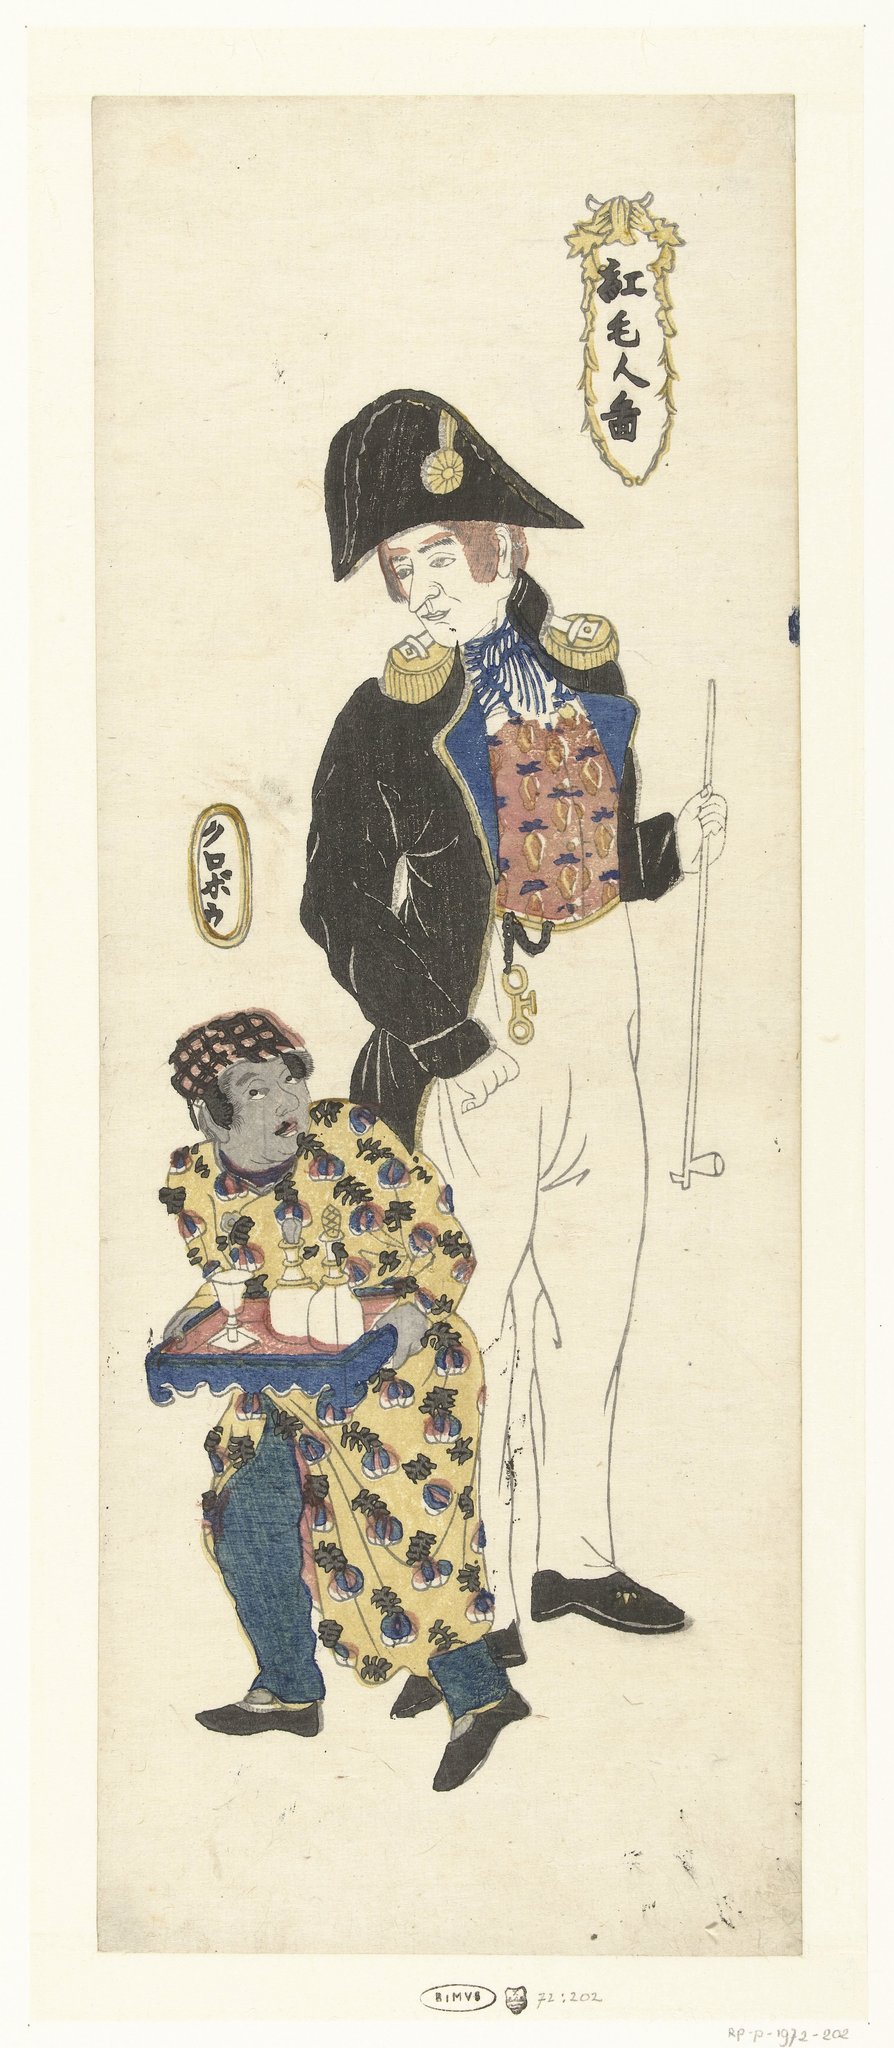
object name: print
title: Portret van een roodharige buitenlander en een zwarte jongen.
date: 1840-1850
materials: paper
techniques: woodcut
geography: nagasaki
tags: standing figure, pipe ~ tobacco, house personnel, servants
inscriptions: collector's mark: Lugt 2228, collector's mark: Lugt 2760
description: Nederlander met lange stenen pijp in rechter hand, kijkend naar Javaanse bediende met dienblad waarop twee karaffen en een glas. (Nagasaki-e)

> [WHAT THE EXERCISE ASKS]: Answer with the exact lines running from the one that contains "date: 1840-1850" through the last line of the data. Include no other line.

> [ANSWER TO THIS TASK]:
date: 1840-1850
materials: paper
techniques: woodcut
geography: nagasaki
tags: standing figure, pipe ~ tobacco, house personnel, servants
inscriptions: collector's mark: Lugt 2228, collector's mark: Lugt 2760
description: Nederlander met lange stenen pijp in rechter hand, kijkend naar Javaanse bediende met dienblad waarop twee karaffen en een glas. (Nagasaki-e)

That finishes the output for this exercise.